▸ Directions for this task:
Set down the first line below and each line after it, ending with the one that holds "#9 boat shoe (278,314,409,479)". Pictures do not belong in the copy.

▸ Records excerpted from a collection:
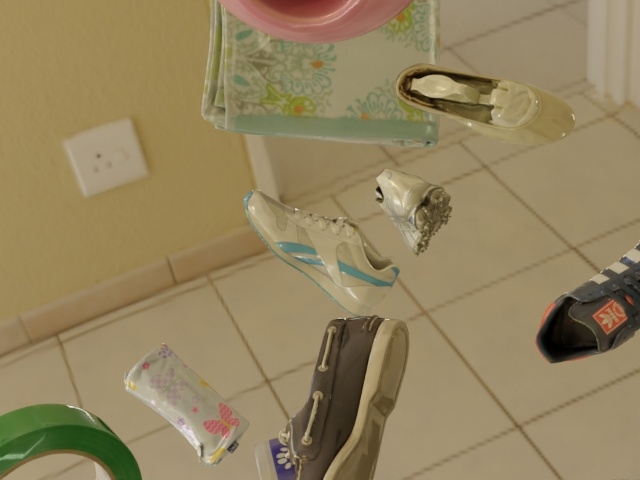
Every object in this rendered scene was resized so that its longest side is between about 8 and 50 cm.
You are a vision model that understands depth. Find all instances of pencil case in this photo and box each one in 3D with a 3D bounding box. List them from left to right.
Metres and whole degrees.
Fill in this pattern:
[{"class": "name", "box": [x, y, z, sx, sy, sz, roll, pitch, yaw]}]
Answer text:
[{"class": "pencil case", "box": [-0.275, 0.339, 2.141, 0.273, 0.113, 0.124, 43, 86, 5]}]

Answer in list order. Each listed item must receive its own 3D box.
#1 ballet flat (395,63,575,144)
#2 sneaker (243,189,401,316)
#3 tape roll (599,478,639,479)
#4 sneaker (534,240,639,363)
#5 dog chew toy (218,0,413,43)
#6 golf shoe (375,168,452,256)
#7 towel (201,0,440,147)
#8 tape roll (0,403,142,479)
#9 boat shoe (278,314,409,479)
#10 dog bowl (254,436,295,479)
[{"class": "ballet flat", "box": [0.215, -0.186, 1.390, 0.249, 0.086, 0.086, 15, 46, 17]}, {"class": "sneaker", "box": [0.000, 0.000, 1.362, 0.092, 0.229, 0.087, -49, 13, 14]}, {"class": "tape roll", "box": [0.350, 0.467, 1.182, 0.392, 0.391, 0.072, -13, 3, -2]}, {"class": "sneaker", "box": [0.462, 0.088, 1.547, 0.131, 0.350, 0.148, 52, 40, 8]}, {"class": "dog chew toy", "box": [0.007, -0.313, 0.842, 0.207, 0.206, 0.331, -1, 48, 13]}, {"class": "golf shoe", "box": [0.106, -0.040, 1.224, 0.086, 0.176, 0.069, 35, 77, 15]}, {"class": "towel", "box": [0.009, -0.310, 1.577, 0.375, 0.320, 0.090, 3, -4, -19]}, {"class": "tape roll", "box": [-0.435, 0.411, 1.601, 0.321, 0.321, 0.077, -31, 33, -22]}, {"class": "boat shoe", "box": [0.005, 0.148, 0.765, 0.065, 0.075, 0.206, 10, 63, 26]}, {"class": "dog bowl", "box": [-0.032, 0.471, 1.822, 0.104, 0.264, 0.265, -16, 40, -4]}]
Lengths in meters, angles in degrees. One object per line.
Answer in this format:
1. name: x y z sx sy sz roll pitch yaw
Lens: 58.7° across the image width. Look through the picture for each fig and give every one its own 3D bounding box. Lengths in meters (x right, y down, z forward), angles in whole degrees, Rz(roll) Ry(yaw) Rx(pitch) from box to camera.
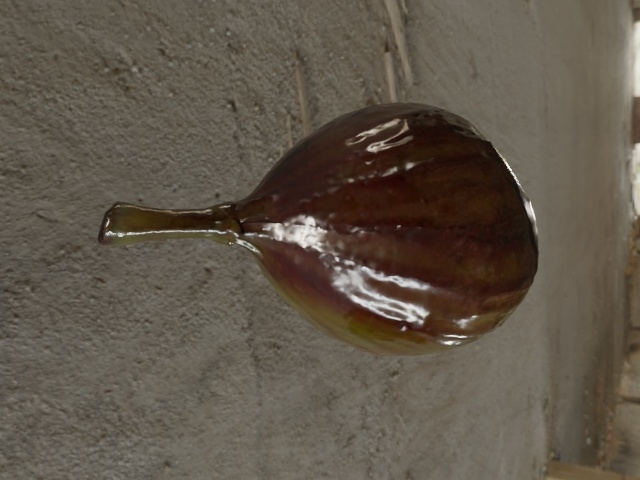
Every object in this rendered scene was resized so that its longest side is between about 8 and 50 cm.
1. fig: 0.000 0.000 0.442 0.321 0.217 0.217 -5 96 -28
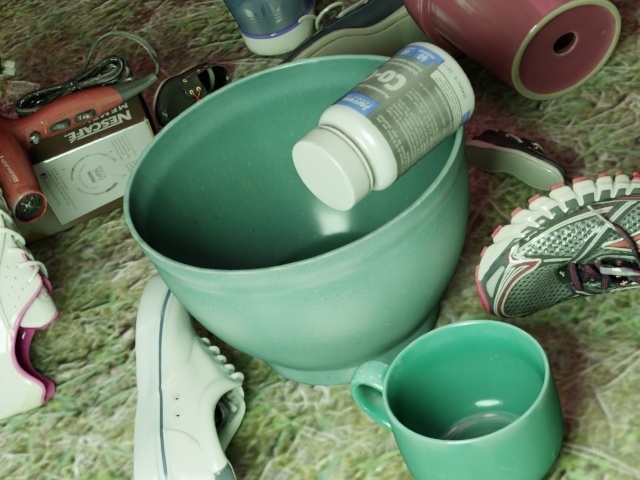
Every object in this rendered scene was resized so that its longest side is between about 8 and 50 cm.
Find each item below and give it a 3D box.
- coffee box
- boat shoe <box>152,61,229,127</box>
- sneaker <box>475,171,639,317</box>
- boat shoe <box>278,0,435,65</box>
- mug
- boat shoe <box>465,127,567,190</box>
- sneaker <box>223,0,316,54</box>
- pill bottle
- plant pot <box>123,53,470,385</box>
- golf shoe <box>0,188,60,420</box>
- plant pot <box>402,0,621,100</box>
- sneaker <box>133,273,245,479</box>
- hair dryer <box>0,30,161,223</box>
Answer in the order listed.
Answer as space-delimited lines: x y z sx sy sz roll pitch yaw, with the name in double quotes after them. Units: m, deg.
-0.298 -0.084 1.585 0.247 0.098 0.141 -22 40 -2 "coffee box"
-0.148 -0.167 1.652 0.042 0.049 0.133 0 27 28 "boat shoe"
0.274 0.003 1.214 0.299 0.121 0.112 -19 57 9 "sneaker"
0.040 -0.222 1.610 0.254 0.095 0.079 -36 42 -23 "boat shoe"
0.115 0.134 1.133 0.129 0.097 0.158 -30 38 -13 "mug"
0.194 -0.081 1.410 0.038 0.046 0.125 -44 35 -21 "boat shoe"
-0.081 -0.396 1.763 0.130 0.236 0.322 -14 38 8 "sneaker"
0.048 -0.088 1.130 0.137 0.078 0.078 -40 42 -25 "pill bottle"
0.000 0.000 1.269 0.293 0.196 0.293 -12 38 10 "plant pot"
-0.308 0.020 1.357 0.140 0.306 0.115 0 1 5 "golf shoe"
0.207 -0.249 1.507 0.201 0.201 0.180 -26 54 -8 "plant pot"
-0.110 0.130 1.259 0.091 0.094 0.258 -6 46 0 "sneaker"
-0.294 -0.128 1.492 0.224 0.080 0.293 -7 44 12 "hair dryer"
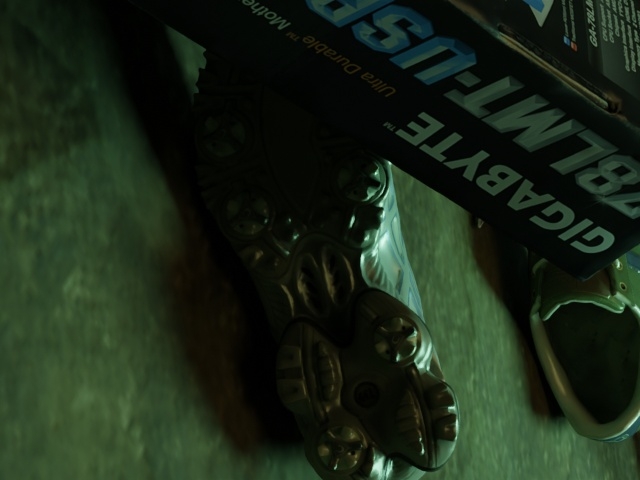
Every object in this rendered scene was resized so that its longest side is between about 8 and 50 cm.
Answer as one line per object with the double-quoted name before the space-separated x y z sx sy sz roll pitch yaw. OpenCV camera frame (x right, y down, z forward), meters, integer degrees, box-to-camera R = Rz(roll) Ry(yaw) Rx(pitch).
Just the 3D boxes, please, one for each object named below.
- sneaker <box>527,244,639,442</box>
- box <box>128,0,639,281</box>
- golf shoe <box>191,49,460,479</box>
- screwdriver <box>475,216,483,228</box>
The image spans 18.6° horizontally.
"sneaker" 0.129 0.007 0.929 0.086 0.064 0.192 -41 122 -67
"box" 0.000 -0.173 0.635 0.293 0.073 0.295 29 43 -32
"golf shoe" 0.000 0.000 0.672 0.086 0.069 0.176 54 25 -85
"screwdriver" 0.093 -0.061 0.961 0.024 0.025 0.170 59 25 -31
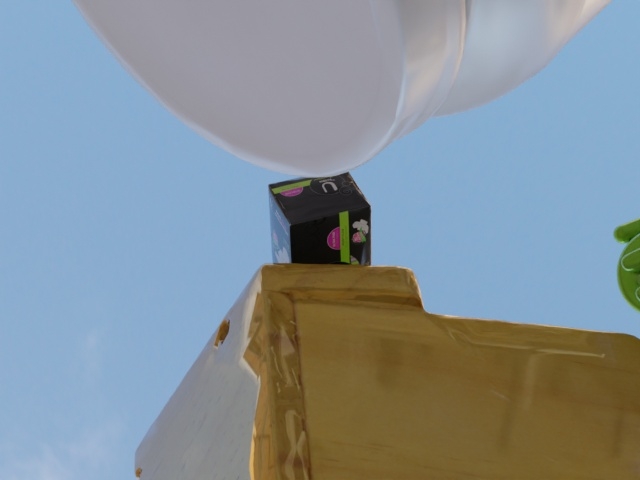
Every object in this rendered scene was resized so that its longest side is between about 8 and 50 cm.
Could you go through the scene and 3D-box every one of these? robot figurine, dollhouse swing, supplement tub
[{"bbox_3d":[0.255,0.026,1.079,0.067,0.115,0.101,-30,-107,21],"label":"robot figurine"},{"bbox_3d":[0.065,0.231,0.981,0.305,0.315,0.347,18,-141,-23],"label":"dollhouse swing"},{"bbox_3d":[0.058,-0.203,0.632,0.241,0.241,0.331,42,-120,10],"label":"supplement tub"}]

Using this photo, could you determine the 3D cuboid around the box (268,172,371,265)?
[{"bbox_3d":[0.000,0.000,1.055,0.062,0.083,0.052,-14,-139,-14],"label":"box"}]
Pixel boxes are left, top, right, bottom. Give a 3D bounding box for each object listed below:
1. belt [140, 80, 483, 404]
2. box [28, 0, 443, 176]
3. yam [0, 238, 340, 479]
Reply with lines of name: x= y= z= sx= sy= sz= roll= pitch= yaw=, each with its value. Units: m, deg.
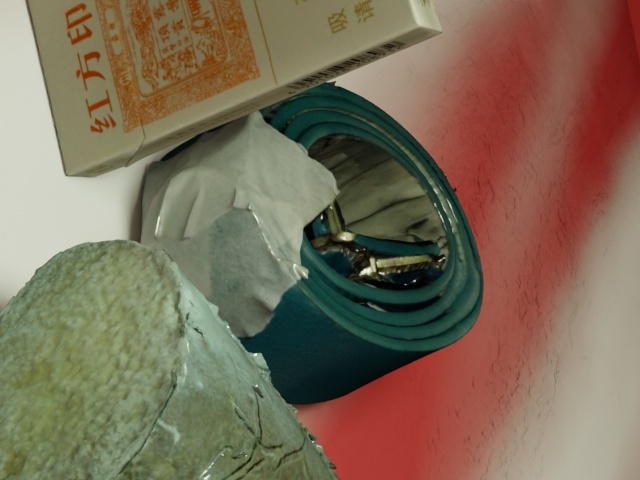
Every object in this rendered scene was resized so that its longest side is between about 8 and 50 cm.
belt: x=0.000 y=0.000 z=1.308 sx=0.436 sy=0.173 sz=0.300 roll=3 pitch=62 yaw=-62
box: x=-0.089 y=-0.204 z=1.081 sx=0.051 sy=0.365 sz=0.205 roll=0 pitch=74 yaw=-59
yam: x=-0.106 y=0.196 z=0.974 sx=0.348 sy=0.241 sz=0.241 roll=53 pitch=33 yaw=-32
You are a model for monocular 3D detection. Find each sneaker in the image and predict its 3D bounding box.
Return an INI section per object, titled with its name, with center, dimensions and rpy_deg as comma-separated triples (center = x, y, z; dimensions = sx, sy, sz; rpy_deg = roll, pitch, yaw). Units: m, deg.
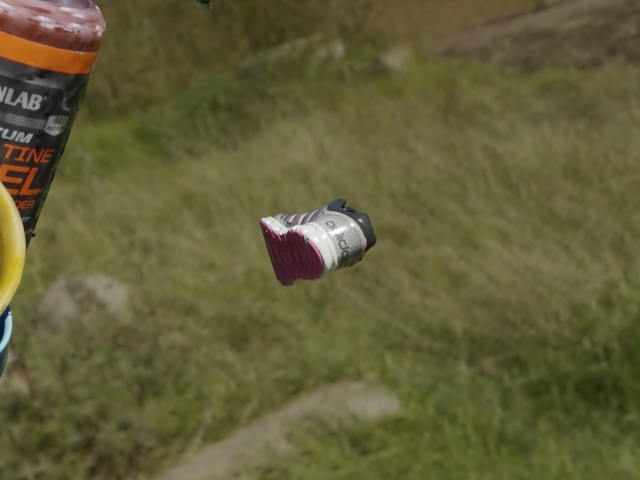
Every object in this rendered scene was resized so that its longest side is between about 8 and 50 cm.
[sneaker]
center = 0.000, 0.000, 1.561
dimensions = 0.074, 0.063, 0.170
rpy_deg = -21, 6, -17

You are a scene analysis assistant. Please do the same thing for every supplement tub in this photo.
[supplement tub]
center = -0.169, -0.072, 0.870
dimensions = 0.106, 0.198, 0.106
rpy_deg = 21, 14, -5

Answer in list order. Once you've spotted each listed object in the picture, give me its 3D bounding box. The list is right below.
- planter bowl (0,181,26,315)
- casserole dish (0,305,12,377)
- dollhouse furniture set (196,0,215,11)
[planter bowl]
center = -0.220, 0.033, 0.660
dimensions = 0.217, 0.090, 0.217
rpy_deg = 8, 32, -5
[casserole dish]
center = -0.223, 0.036, 0.940
dimensions = 0.114, 0.037, 0.188
rpy_deg = -18, 39, -13
[dollhouse furniture set]
center = -0.118, -0.355, 1.395
dimensions = 0.151, 0.302, 0.197
rpy_deg = 16, 13, -18
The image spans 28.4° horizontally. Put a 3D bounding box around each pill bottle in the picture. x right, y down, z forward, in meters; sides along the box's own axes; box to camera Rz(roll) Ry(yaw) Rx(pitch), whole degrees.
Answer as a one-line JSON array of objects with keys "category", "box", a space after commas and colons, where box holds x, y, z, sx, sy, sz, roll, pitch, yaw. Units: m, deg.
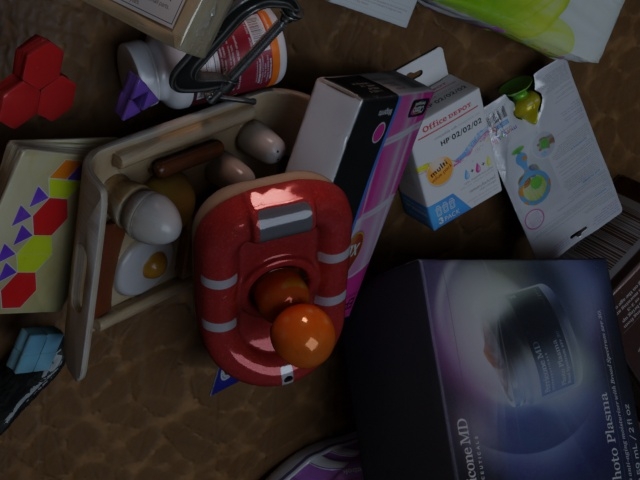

▸ Written response:
Every object in this rendered scene was resized so that its longest side is between about 8 and 50 cm.
You are a vision model that understands depth. Find all instances of pencil case in this photo and box each one in 3D with a 3D bounding box. List them from left to right.
Metres and whole degrees.
Fill in this pattern:
[{"class": "name", "box": [x, y, z, sx, sy, sz, roll, pitch, yaw]}]
Answer text:
[{"class": "pencil case", "box": [-0.275, 0.339, 2.141, 0.273, 0.113, 0.124, 43, 86, 5]}]

Answer in list order. Each listed item must receive its own 3D box.
#1 ballet flat (395,63,575,144)
#2 sneaker (243,189,401,316)
#3 tape roll (599,478,639,479)
#4 sneaker (534,240,639,363)
#5 dog chew toy (218,0,413,43)
#6 golf shoe (375,168,452,256)
#7 towel (201,0,440,147)
#8 tape roll (0,403,142,479)
#9 boat shoe (278,314,409,479)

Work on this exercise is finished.